### THE TASK
Everything from the line containing "table_cell 04.10 Kassamedewerker" through the final line of the material is to be restated word for word, and only that.

─── GIVEN RECORDS

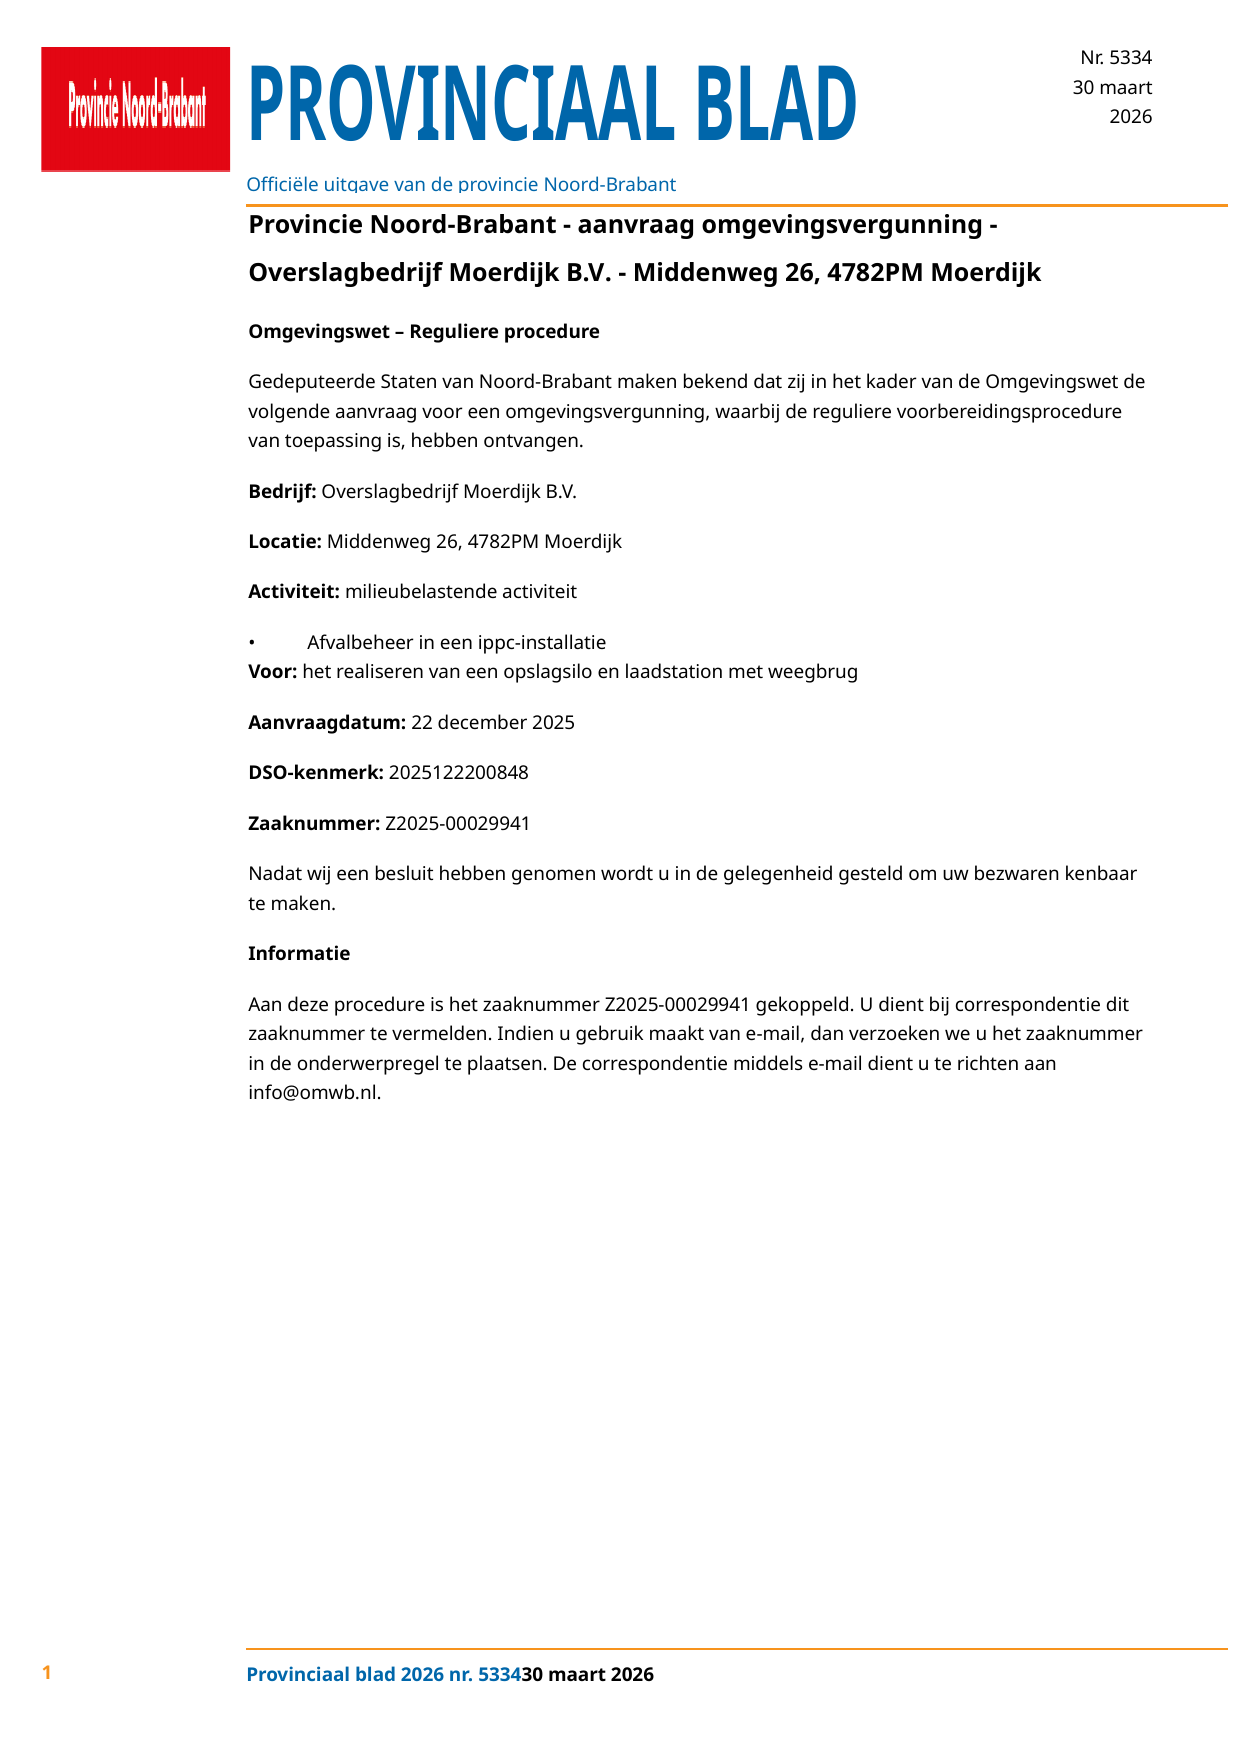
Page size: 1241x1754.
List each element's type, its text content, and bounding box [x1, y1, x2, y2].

text Voor: het realiseren van een opslagsilo en laadstation met weegbrug [248, 659, 1152, 684]
text Aan deze procedure is het zaaknummer Z2025-00029941 gekoppeld. U dient bij correspondentie dit zaaknummer te vermelden. Indien u gebruik maakt van e-mail, dan verzoeken we u het zaaknummer in de onderwerpregel te plaatsen. De correspondentie middels e-mail dient u te richten aan info@omwb.nl. [248, 991, 1152, 1105]
text Informatie [248, 940, 1152, 966]
text Gedeputeerde Staten van Noord-Brabant maken bekend dat zij in het kader van de Omgevingswet de volgende aanvraag voor een omgevingsvergunning, waarbij de reguliere voorbereidingsprocedure van toepassing is, hebben ontvangen. [248, 368, 1152, 453]
text Locatie: Middenweg 26, 4782PM Moerdijk [248, 528, 1152, 554]
text Aanvraagdatum: 22 december 2025 [248, 709, 1152, 735]
text Nadat wij een besluit hebben genomen wordt u in de gelegenheid gesteld om uw bezwaren kenbaar te maken. [248, 860, 1152, 916]
text Activiteit: milieubelastende activiteit [248, 579, 1152, 604]
picture [41, 47, 231, 172]
text Bedrijf: Overslagbedrijf Moerdijk B.V. [248, 478, 1152, 504]
text DSO-kenmerk: 2025122200848 [248, 759, 1152, 785]
text Omgevingswet – Reguliere procedure [248, 318, 1152, 344]
text Provincie Noord-Brabant - aanvraag omgevingsvergunning - Overslagbedrijf Moerdijk B.V​​​​​​​. - Middenweg 26, 4782PM Moerdijk [248, 207, 1152, 288]
text Zaaknummer: Z2025-00029941 [248, 810, 1152, 836]
list Afvalbeheer in een ippc-installatie [248, 629, 1152, 655]
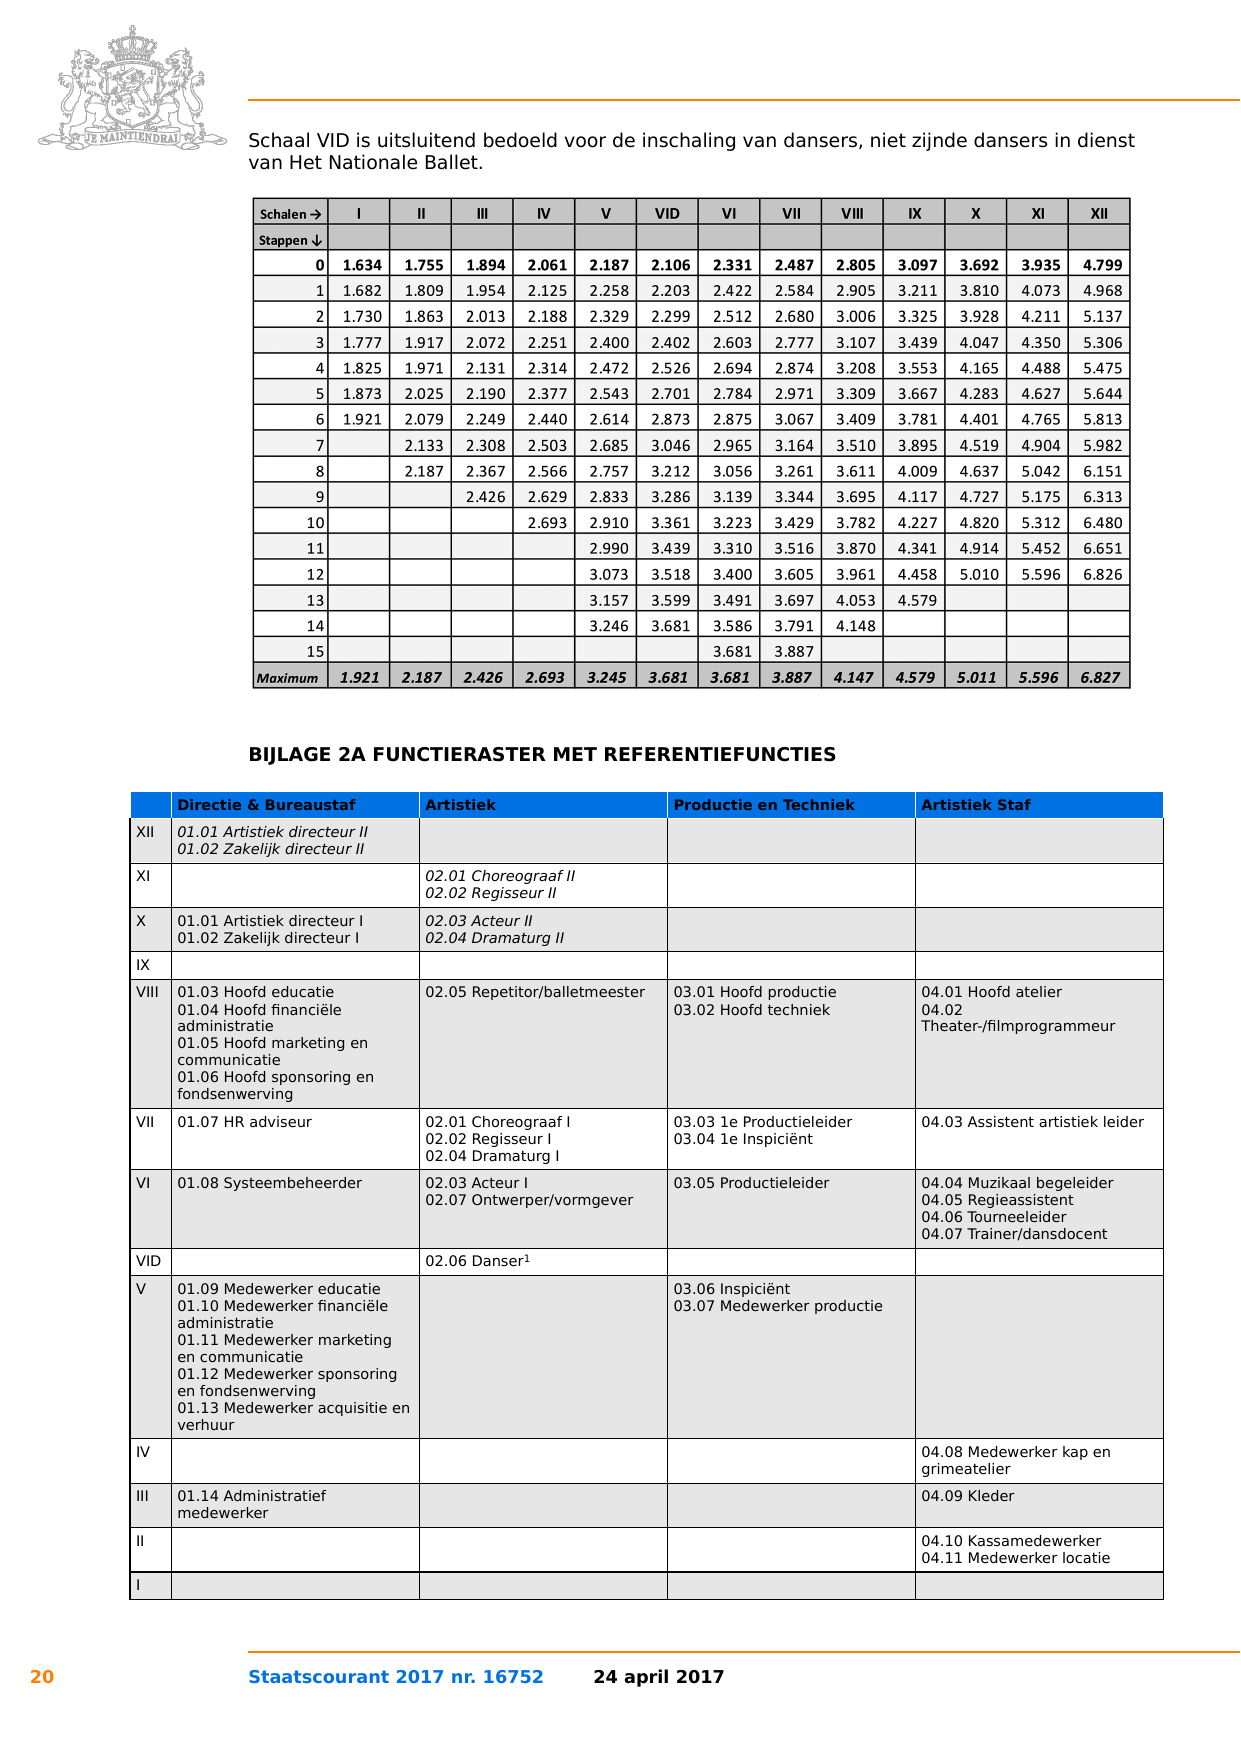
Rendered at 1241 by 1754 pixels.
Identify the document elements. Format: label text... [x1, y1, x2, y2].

table_cell [172, 864, 419, 907]
table_cell [668, 952, 915, 979]
table_cell [668, 819, 915, 862]
table_cell 04.03 Assistent artistiek leider [916, 1109, 1163, 1169]
table_cell [172, 952, 419, 979]
text Schaal VID is uitsluitend bedoeld voor de inschaling van dansers, niet zijnde dansers in dienst van Het Nationale Ballet. [248, 130, 1163, 174]
table_cell 02.05 Repetitor/balletmeester [420, 980, 667, 1108]
table_cell [172, 1439, 419, 1483]
table_cell II [131, 1528, 171, 1571]
table_cell 02.01 Choreograaf I 02.02 Regisseur I 02.04 Dramaturg I [420, 1109, 667, 1169]
table_cell [668, 1573, 915, 1599]
table_cell IX [131, 952, 171, 979]
table_cell I [131, 1573, 171, 1599]
table_cell 04.01 Hoofd atelier 04.02 Theater-/filmprogrammeur [916, 980, 1163, 1108]
table_cell [916, 908, 1163, 951]
table_header [131, 792, 171, 818]
table_cell V [131, 1276, 171, 1438]
table_cell [420, 952, 667, 979]
table_cell [916, 952, 1163, 979]
table_cell 01.01 Artistiek directeur I 01.02 Zakelijk directeur I [172, 908, 419, 951]
table_cell 04.04 Muzikaal begeleider 04.05 Regieassistent 04.06 Tourneeleider 04.07 Trainer/dansdocent [916, 1170, 1163, 1248]
table_cell 04.09 Kleder [916, 1484, 1163, 1527]
table_cell X [131, 908, 171, 951]
picture [248, 195, 1134, 692]
table_cell 01.03 Hoofd educatie 01.04 Hoofd financiële administratie 01.05 Hoofd marketing en communicatie 01.06 Hoofd sponsoring en fondsenwerving [172, 980, 419, 1108]
table_cell [916, 1573, 1163, 1599]
table_cell VII [131, 1109, 171, 1169]
table_cell 01.01 Artistiek directeur II 01.02 Zakelijk directeur II [172, 819, 419, 862]
table_cell 03.05 Productieleider [668, 1170, 915, 1248]
table_cell 01.14 Administratief medewerker [172, 1484, 419, 1527]
table_cell [668, 908, 915, 951]
table_cell 04.08 Medewerker kap en grimeatelier [916, 1439, 1163, 1483]
table_cell 03.03 1e Productieleider 03.04 1e Inspiciënt [668, 1109, 915, 1169]
table_cell [172, 1249, 419, 1275]
table_cell [916, 819, 1163, 862]
table_cell [172, 1528, 419, 1571]
table_cell [668, 1528, 915, 1571]
table_cell VI [131, 1170, 171, 1248]
table_cell 01.09 Medewerker educatie 01.10 Medewerker financiële administratie 01.11 Medewerker marketing en communicatie 01.12 Medewerker sponsoring en fondsenwerving 01.13 Medewerker acquisitie en verhuur [172, 1276, 419, 1438]
table_header Directie & Bureaustaf [172, 792, 419, 818]
table_cell 02.03 Acteur II 02.04 Dramaturg II [420, 908, 667, 951]
table_cell [668, 864, 915, 907]
table_cell [916, 1249, 1163, 1275]
table_cell [668, 1249, 915, 1275]
table_cell 04.10 Kassamedewerker 04.11 Medewerker locatie [916, 1528, 1163, 1571]
table_cell XII [131, 819, 171, 862]
table_cell 01.07 HR adviseur [172, 1109, 419, 1169]
table_header Artistiek Staf [916, 792, 1163, 818]
table_cell 02.03 Acteur I 02.07 Ontwerper/vormgever [420, 1170, 667, 1248]
table_cell [668, 1439, 915, 1483]
table_cell 03.01 Hoofd productie 03.02 Hoofd techniek [668, 980, 915, 1108]
table_header Productie en Techniek [668, 792, 915, 818]
subtitle BIJLAGE 2A FUNCTIERASTER MET REFERENTIEFUNCTIES [248, 744, 1163, 766]
table_cell VID [131, 1249, 171, 1275]
table_cell [420, 1528, 667, 1571]
table_cell [420, 1276, 667, 1438]
table_cell [420, 1573, 667, 1599]
table_cell 02.06 Danser1 [420, 1249, 667, 1275]
table_cell [916, 864, 1163, 907]
table_cell 02.01 Choreograaf II 02.02 Regisseur II [420, 864, 667, 907]
table_cell [420, 1484, 667, 1527]
table_cell [172, 1573, 419, 1599]
table_header Artistiek [420, 792, 667, 818]
table_cell [420, 1439, 667, 1483]
picture [38, 25, 227, 150]
table_cell [420, 819, 667, 862]
table_cell 01.08 Systeembeheerder [172, 1170, 419, 1248]
table_cell XI [131, 864, 171, 907]
table_cell VIII [131, 980, 171, 1108]
table_cell 03.06 Inspiciënt 03.07 Medewerker productie [668, 1276, 915, 1438]
table_cell IV [131, 1439, 171, 1483]
table_cell [916, 1276, 1163, 1438]
table_cell III [131, 1484, 171, 1527]
table_cell [668, 1484, 915, 1527]

──────

### ANSWER SECTION
table_cell 04.10 Kassamedewerker 04.11 Medewerker locatie [916, 1528, 1163, 1571]
table_cell XII [131, 819, 171, 862]
table_cell 01.07 HR adviseur [172, 1109, 419, 1169]
table_header Artistiek Staf [916, 792, 1163, 818]
table_cell 02.03 Acteur I 02.07 Ontwerper/vormgever [420, 1170, 667, 1248]
table_cell [668, 1439, 915, 1483]
table_cell 03.01 Hoofd productie 03.02 Hoofd techniek [668, 980, 915, 1108]
table_header Productie en Techniek [668, 792, 915, 818]
subtitle BIJLAGE 2A FUNCTIERASTER MET REFERENTIEFUNCTIES [248, 744, 1163, 766]
table_cell VID [131, 1249, 171, 1275]
table_cell [420, 1528, 667, 1571]
table_cell [420, 1276, 667, 1438]
table_cell [420, 1573, 667, 1599]
table_cell 02.06 Danser1 [420, 1249, 667, 1275]
table_cell [916, 864, 1163, 907]
table_cell 02.01 Choreograaf II 02.02 Regisseur II [420, 864, 667, 907]
table_cell [420, 1484, 667, 1527]
table_cell [172, 1573, 419, 1599]
table_header Artistiek [420, 792, 667, 818]
table_cell [420, 1439, 667, 1483]
picture [38, 25, 227, 150]
table_cell [420, 819, 667, 862]
table_cell 01.08 Systeembeheerder [172, 1170, 419, 1248]
table_cell XI [131, 864, 171, 907]
table_cell VIII [131, 980, 171, 1108]
table_cell 03.06 Inspiciënt 03.07 Medewerker productie [668, 1276, 915, 1438]
table_cell IV [131, 1439, 171, 1483]
table_cell [916, 1276, 1163, 1438]
table_cell III [131, 1484, 171, 1527]
table_cell [668, 1484, 915, 1527]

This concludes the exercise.